Updated: Aug 29, 2018


Final edit.

In very simple terms, a mantra like “art is where you find it” helps drive all landscape photographers to transform scenes of the natural world into compelling works of art. In this post, I say also “art is where you make it” -- the idea of transforming a found scene by adding a visual element.


The bouquet of sterling silver roses my wife carried at our wedding in 2006 has aged gracefully on a hook in the garage ever since. As the flowers dried out and assumed an antique character, I often wondered how I could use them to make a interesting photograph like the first image on this post. These roses -- somehow misnamed sterling silver -- were actually a beautiful shade of lavender originally; I don’t know where the name comes from. The petals have inexorably turned brown, though they remain pretty much intact.

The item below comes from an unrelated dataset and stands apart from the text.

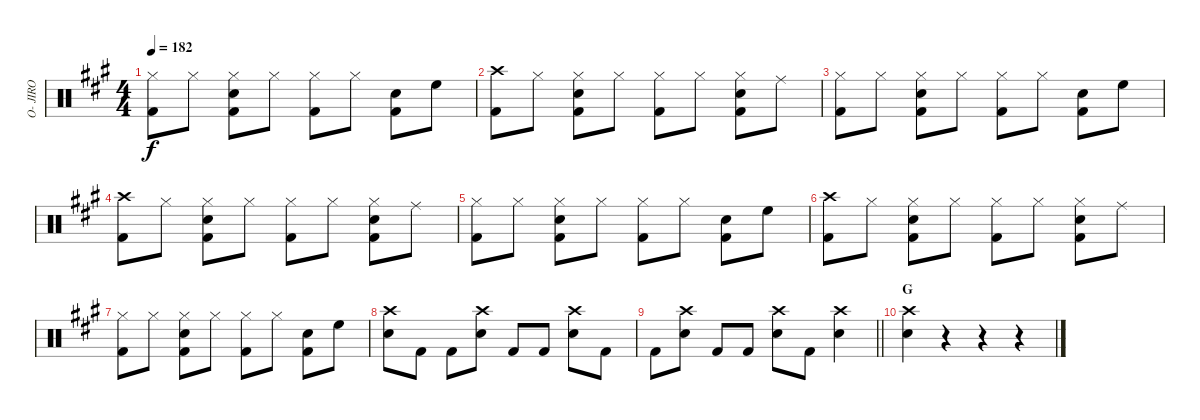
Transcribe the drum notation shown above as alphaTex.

Tear a dozen years off the calendar, and it’s now summer of 2018. My wife and I have decided to test the mettle of our marriage by remodeling two floors of our tri-level home. The carpet in the family room above the garage is ripped out, and then from below the carpet a parquet floor that had been installed -- that is, glued down -- by the previous owners. Removing this flooring tears at the plywood subfloor, leaving it scarred and a mottle of varying shades of gold and tan.

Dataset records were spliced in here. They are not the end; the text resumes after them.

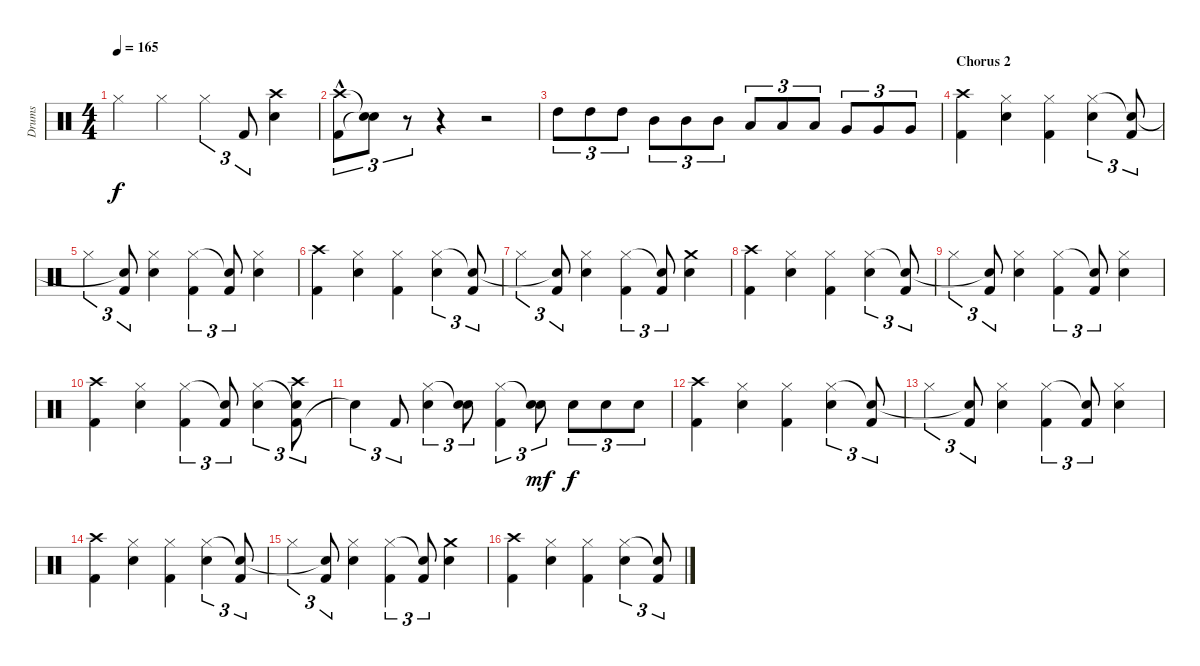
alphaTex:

\track ("Drums" "Drums") {instrument percussion}
\staff {score}
\articulation defaults
\ts (4 4)
\tempo 165
\clef neutral
\ks c "Hi-Hat (closed)".4{dy f} "Hi-Hat (closed)".4 "Hi-Hat (closed)".4{tu (3 2)} "Kick (hit) 2".8{tu (3 2)}
("Snare (hit) 2" "Crash high (hit)").4 |
("Kick (hit) 2" "Crash high (hit)"{hac}).8{tu (3 2)} ("Snare (hit)"{t} "Snare (hit)"{t}).8{tu (3 2)} r.8{tu (3 2)} r.4 r.2 |
"High Tom (hit)".8{tu (3 2)} "High Tom (hit)".8{tu (3 2)} "High Tom (hit)".8{tu (3 2)} "Mid Tom (hit)".8{tu (3 2)} "Mid Tom (hit)".8{tu (3 2)} "Mid Tom (hit)".8{tu (3 2)} "Low Tom (hit)".8{tu (3 2)} "Low Tom (hit)".8{tu (3 2)} "Low Tom (hit)".8{tu (3 2)} "Very Low Tom (hit)".8{tu (3 2)} "Very Low Tom (hit)".8{tu (3 2)} "Very Low Tom (hit)".8{tu (3 2)} |
\section ("" "Chorus 2")
("Kick (hit) 2" "Crash high (hit)").4 ("Snare (hit) 2" "Hi-Hat (closed)").4 ("Kick (hit) 2" "Hi-Hat (closed)").4 ("Snare (hit) 2" "Hi-Hat (closed)").4{tu (3 2)} ("Kick (hit) 2" "Snare (hit)"{t}).8{tu (3 2)} |
"Hi-Hat (closed)".4{tu (3 2)} ("Kick (hit) 2" "Snare (hit)"{t}).8{tu (3 2)} ("Snare (hit) 2" "Hi-Hat (closed)").4 ("Kick (hit) 2" "Hi-Hat (closed)").4{tu (3 2)} ("Kick (hit) 2" "Snare (hit)"{t}).8{tu (3 2)} ("Snare (hit) 2" "Hi-Hat (closed)").4 |
("Kick (hit) 2" "Crash high (hit)").4 ("Snare (hit) 2" "Hi-Hat (closed)").4 ("Kick (hit) 2" "Hi-Hat (closed)").4 ("Snare (hit) 2" "Hi-Hat (closed)").4{tu (3 2)} ("Kick (hit) 2" "Snare (hit)"{t}).8{tu (3 2)} |
"Hi-Hat (closed)".4{tu (3 2)} ("Kick (hit) 2" "Snare (hit)"{t}).8{tu (3 2)} ("Snare (hit) 2" "Hi-Hat (closed)").4 ("Kick (hit) 2" "Hi-Hat (closed)").4{tu (3 2)} ("Kick (hit) 2" "Snare (hit)"{t}).8{tu (3 2)} ("Snare (hit) 2" "Crash medium (hit)").4 |
("Kick (hit) 2" "Crash high (hit)").4 ("Snare (hit) 2" "Hi-Hat (closed)").4 ("Kick (hit) 2" "Hi-Hat (closed)").4 ("Snare (hit) 2" "Hi-Hat (closed)").4{tu (3 2)} ("Kick (hit) 2" "Snare (hit)"{t}).8{tu (3 2)} |
"Hi-Hat (closed)".4{tu (3 2)} ("Kick (hit) 2" "Snare (hit)"{t}).8{tu (3 2)} ("Snare (hit) 2" "Hi-Hat (closed)").4 ("Kick (hit) 2" "Hi-Hat (closed)").4{tu (3 2)} ("Kick (hit) 2" "Snare (hit)"{t}).8{tu (3 2)} ("Snare (hit) 2" "Hi-Hat (closed)").4 |
("Kick (hit) 2" "Crash high (hit)").4 ("Snare (hit) 2" "Hi-Hat (closed)").4 ("Kick (hit) 2" "Hi-Hat (closed)").4{tu (3 2)} ("Kick (hit) 2" "Snare (hit)"{t}).8{tu (3 2)} ("Snare (hit) 2" "Hi-Hat (closed)").4{tu (3 2)} ("Kick (hit) 2" "Snare (hit)"{t} "Crash high (hit)").8{tu (3 2)} |
"Snare (hit)"{t}.4{tu (3 2)} "Kick (hit) 2".8{tu (3 2)} ("Snare (hit) 2" "Hi-Hat (closed)").4{tu (3 2)} ("Snare (hit) 2" "Snare (hit)"{t}).8{tu (3 2)} ("Kick (hit) 2" "Hi-Hat (closed)").4{tu (3 2)} ("Snare (hit) 2" "Snare (hit)"{t}).8{tu (3 2) dy mf} "Snare (hit) 2".8{tu (3 2) dy f} "Snare (hit) 2".8{tu (3 2)} "Snare (hit) 2".8{tu (3 2)} |
("Kick (hit) 2" "Crash high (hit)").4 ("Snare (hit) 2" "Hi-Hat (closed)").4 ("Kick (hit) 2" "Hi-Hat (closed)").4 ("Snare (hit) 2" "Hi-Hat (closed)").4{tu (3 2)} ("Kick (hit) 2" "Snare (hit)"{t}).8{tu (3 2)} |
"Hi-Hat (closed)".4{tu (3 2)} ("Kick (hit) 2" "Snare (hit)"{t}).8{tu (3 2)} ("Snare (hit) 2" "Hi-Hat (closed)").4 ("Kick (hit) 2" "Hi-Hat (closed)").4{tu (3 2)} ("Kick (hit) 2" "Snare (hit)"{t}).8{tu (3 2)} ("Snare (hit) 2" "Hi-Hat (closed)").4 |
("Kick (hit) 2" "Crash high (hit)").4 ("Snare (hit) 2" "Hi-Hat (closed)").4 ("Kick (hit) 2" "Hi-Hat (closed)").4 ("Snare (hit) 2" "Hi-Hat (closed)").4{tu (3 2)} ("Kick (hit) 2" "Snare (hit)"{t}).8{tu (3 2)} |
"Hi-Hat (closed)".4{tu (3 2)} ("Kick (hit) 2" "Snare (hit)"{t}).8{tu (3 2)} ("Snare (hit) 2" "Hi-Hat (closed)").4 ("Kick (hit) 2" "Hi-Hat (closed)").4{tu (3 2)} ("Kick (hit) 2" "Snare (hit)"{t}).8{tu (3 2)} ("Snare (hit) 2" "Crash medium (hit)").4 |
("Kick (hit) 2" "Crash high (hit)").4 ("Snare (hit) 2" "Hi-Hat (closed)").4 ("Kick (hit) 2" "Hi-Hat (closed)").4 ("Snare (hit) 2" "Hi-Hat (closed)").4{tu (3 2)} ("Kick (hit) 2" "Snare (hit)"{t}).8{tu (3 2)}

The plywood looks like it will need remedial work before the new, finished-wood flooring is laid, but -- ah, ha! -- in the patterns of those scars I finally see a suitable backdrop on which to portray these roses for a photo. One area in particular, about two by two-and-a-half feet appealed to my visual sense. (See photo, below.)


In an interlude of a couple hours when no workmen were about, I broke out my camera gear and took several shots of this and another bouquet against the tattered wood backdrop. The other photo below shows how I had to configure the legs of my tripod to keep them out of the shot. It wouldn’t have worked without the workers' ladder being handy.

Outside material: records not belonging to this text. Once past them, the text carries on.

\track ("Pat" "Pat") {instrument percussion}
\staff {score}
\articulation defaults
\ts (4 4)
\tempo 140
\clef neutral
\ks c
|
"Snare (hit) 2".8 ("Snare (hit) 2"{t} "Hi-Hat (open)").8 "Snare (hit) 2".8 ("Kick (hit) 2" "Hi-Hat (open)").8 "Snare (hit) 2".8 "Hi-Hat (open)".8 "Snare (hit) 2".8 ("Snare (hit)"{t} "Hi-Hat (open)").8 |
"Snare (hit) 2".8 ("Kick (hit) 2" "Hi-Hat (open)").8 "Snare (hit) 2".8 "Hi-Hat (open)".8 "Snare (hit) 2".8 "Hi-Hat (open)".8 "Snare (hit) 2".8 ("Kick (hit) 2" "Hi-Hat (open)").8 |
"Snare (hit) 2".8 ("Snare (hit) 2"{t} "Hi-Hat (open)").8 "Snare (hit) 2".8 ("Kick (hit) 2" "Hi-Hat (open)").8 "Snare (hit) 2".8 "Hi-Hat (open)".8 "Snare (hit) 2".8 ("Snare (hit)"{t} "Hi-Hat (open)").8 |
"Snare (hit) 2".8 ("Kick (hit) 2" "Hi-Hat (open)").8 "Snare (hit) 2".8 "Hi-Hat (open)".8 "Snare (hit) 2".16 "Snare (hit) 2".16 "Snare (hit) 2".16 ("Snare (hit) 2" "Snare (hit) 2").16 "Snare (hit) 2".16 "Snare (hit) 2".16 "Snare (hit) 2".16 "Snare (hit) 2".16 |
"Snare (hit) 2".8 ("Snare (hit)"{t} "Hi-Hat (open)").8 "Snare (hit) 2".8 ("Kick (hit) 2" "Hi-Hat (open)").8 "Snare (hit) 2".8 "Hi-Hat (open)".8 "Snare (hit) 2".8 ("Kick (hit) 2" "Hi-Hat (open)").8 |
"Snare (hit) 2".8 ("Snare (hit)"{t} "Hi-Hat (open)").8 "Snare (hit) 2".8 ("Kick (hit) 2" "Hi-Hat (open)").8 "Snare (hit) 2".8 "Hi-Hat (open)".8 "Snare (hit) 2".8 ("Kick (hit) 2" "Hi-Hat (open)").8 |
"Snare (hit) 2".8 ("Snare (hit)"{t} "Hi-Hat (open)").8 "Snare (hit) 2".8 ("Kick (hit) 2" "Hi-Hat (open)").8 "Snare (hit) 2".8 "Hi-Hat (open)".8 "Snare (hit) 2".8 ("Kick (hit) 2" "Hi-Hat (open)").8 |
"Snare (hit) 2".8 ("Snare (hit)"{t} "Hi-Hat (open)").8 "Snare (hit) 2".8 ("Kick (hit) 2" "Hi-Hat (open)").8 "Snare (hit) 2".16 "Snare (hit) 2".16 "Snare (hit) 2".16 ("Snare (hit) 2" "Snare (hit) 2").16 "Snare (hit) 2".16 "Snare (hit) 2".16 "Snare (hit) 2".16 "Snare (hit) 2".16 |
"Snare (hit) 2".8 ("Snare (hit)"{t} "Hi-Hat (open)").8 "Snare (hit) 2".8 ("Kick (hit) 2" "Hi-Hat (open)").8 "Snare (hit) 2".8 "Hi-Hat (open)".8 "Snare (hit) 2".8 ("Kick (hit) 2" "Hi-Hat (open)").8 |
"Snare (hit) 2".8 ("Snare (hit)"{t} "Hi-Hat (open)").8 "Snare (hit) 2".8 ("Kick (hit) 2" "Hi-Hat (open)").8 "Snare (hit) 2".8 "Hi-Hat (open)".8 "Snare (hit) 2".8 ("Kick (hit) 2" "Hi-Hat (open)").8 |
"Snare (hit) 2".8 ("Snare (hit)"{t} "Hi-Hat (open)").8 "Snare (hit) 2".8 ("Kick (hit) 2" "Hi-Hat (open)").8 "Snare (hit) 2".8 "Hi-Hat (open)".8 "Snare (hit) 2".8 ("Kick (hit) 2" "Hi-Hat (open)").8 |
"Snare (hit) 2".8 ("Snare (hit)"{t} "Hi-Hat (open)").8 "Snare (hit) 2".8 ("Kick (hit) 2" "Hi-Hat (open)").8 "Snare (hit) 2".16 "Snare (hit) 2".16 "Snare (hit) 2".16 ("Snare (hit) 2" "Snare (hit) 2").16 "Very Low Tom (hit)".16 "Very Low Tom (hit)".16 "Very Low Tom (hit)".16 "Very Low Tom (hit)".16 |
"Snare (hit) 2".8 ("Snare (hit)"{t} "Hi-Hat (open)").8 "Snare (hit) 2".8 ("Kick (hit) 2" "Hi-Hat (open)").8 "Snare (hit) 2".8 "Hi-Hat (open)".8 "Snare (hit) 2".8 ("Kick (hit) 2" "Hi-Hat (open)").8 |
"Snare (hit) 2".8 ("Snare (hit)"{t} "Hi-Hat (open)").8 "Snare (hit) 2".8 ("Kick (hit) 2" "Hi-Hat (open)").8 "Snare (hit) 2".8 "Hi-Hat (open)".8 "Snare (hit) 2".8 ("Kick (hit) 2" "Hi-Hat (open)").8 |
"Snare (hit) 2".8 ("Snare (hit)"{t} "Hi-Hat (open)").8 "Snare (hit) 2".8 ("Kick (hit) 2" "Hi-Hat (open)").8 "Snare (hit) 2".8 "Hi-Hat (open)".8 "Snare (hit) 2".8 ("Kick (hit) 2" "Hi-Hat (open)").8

The image I chose was a 1/8-second exposure at f/11 and ISO 100. I used my 50mm lens, and the light source was, providentially, from a large window about 12 feet away. Processing it in Photoshop involved adding 11 adjustment layers to achieve the look I wanted on the floor, the roses and the darker leaves. Notice in the finished photo how the once-lavender, now actually brown petals of the roses came out a rich yellow and orange from my manipulations.


The entire area of the floor that initially caught my eye turned out to be too large compared to the bouquet to be a suitable frame for the subject. So, ironically, I ended cropping out a lot of the great looking floor to make a suitably proportionate backdrop for the roses. Making art is making choices too.







Camera set up to photograph flowers and wood.